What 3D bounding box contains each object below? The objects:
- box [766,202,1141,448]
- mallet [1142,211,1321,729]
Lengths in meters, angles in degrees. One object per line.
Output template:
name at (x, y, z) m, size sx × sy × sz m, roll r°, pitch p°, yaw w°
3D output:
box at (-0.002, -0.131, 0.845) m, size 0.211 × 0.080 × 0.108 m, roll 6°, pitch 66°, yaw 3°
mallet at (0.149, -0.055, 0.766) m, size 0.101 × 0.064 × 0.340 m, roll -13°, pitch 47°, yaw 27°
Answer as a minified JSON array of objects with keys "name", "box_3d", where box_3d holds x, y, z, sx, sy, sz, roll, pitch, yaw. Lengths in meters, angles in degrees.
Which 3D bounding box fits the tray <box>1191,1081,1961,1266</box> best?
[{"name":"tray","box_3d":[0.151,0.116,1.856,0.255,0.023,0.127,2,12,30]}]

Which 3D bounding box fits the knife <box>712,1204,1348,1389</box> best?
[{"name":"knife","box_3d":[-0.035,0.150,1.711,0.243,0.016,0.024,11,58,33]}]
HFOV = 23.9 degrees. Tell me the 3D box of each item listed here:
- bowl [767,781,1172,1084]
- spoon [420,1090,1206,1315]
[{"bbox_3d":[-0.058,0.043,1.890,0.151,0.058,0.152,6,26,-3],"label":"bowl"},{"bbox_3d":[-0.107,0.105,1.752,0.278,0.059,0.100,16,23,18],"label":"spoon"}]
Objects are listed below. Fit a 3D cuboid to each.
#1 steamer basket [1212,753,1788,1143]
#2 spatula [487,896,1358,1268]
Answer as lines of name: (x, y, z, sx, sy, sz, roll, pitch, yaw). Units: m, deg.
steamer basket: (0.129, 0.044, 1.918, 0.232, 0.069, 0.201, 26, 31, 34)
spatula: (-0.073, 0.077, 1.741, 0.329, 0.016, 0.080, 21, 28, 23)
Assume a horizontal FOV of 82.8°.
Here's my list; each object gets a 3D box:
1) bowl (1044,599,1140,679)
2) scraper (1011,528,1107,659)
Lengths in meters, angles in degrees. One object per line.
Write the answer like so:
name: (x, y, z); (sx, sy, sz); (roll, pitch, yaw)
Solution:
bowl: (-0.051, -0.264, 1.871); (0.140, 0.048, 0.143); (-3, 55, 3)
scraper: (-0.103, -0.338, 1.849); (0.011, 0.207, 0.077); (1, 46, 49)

§ **Task brief**:
Please output the entries above, every line exactly as it reads.

§ **Reply to the task**:
What 3D bounding box contains each object below? The objects:
- box [766,202,1141,448]
- mallet [1142,211,1321,729]
Lengths in meters, angles in degrees. One object per line.
Output template:
name at (x, y, z) m, size sx × sy × sz m, roll r°, pitch p°, yaw w°
3D output:
box at (-0.002, -0.131, 0.845) m, size 0.211 × 0.080 × 0.108 m, roll 6°, pitch 66°, yaw 3°
mallet at (0.149, -0.055, 0.766) m, size 0.101 × 0.064 × 0.340 m, roll -13°, pitch 47°, yaw 27°
Answer as a minified JSON array of objects with keys "name", "box_3d", where box_3d holds x, y, z, sx, sy, sz, roll, pitch, yaw. Lengths in meters, angles in degrees.
Which 3D bounding box fits the tray <box>1191,1081,1961,1266</box> best?
[{"name":"tray","box_3d":[0.151,0.116,1.856,0.255,0.023,0.127,2,12,30]}]

Which 3D bounding box fits the knife <box>712,1204,1348,1389</box> best?
[{"name":"knife","box_3d":[-0.035,0.150,1.711,0.243,0.016,0.024,11,58,33]}]
HFOV = 23.9 degrees. Tell me the 3D box of each item listed here:
- bowl [767,781,1172,1084]
- spoon [420,1090,1206,1315]
[{"bbox_3d":[-0.058,0.043,1.890,0.151,0.058,0.152,6,26,-3],"label":"bowl"},{"bbox_3d":[-0.107,0.105,1.752,0.278,0.059,0.100,16,23,18],"label":"spoon"}]
Objects are listed below. Fit a 3D cuboid to each.
#1 steamer basket [1212,753,1788,1143]
#2 spatula [487,896,1358,1268]
Answer as lines of name: (x, y, z, sx, sy, sz, roll, pitch, yaw). Units: m, deg.
steamer basket: (0.129, 0.044, 1.918, 0.232, 0.069, 0.201, 26, 31, 34)
spatula: (-0.073, 0.077, 1.741, 0.329, 0.016, 0.080, 21, 28, 23)
Assume a horizontal FOV of 82.8°.
Here's my list; each object gets a 3D box:
1) bowl (1044,599,1140,679)
2) scraper (1011,528,1107,659)
Lengths in meters, angles in degrees. One object per line.
Write the answer like so:
name: (x, y, z); (sx, sy, sz); (roll, pitch, yaw)
Solution:
bowl: (-0.051, -0.264, 1.871); (0.140, 0.048, 0.143); (-3, 55, 3)
scraper: (-0.103, -0.338, 1.849); (0.011, 0.207, 0.077); (1, 46, 49)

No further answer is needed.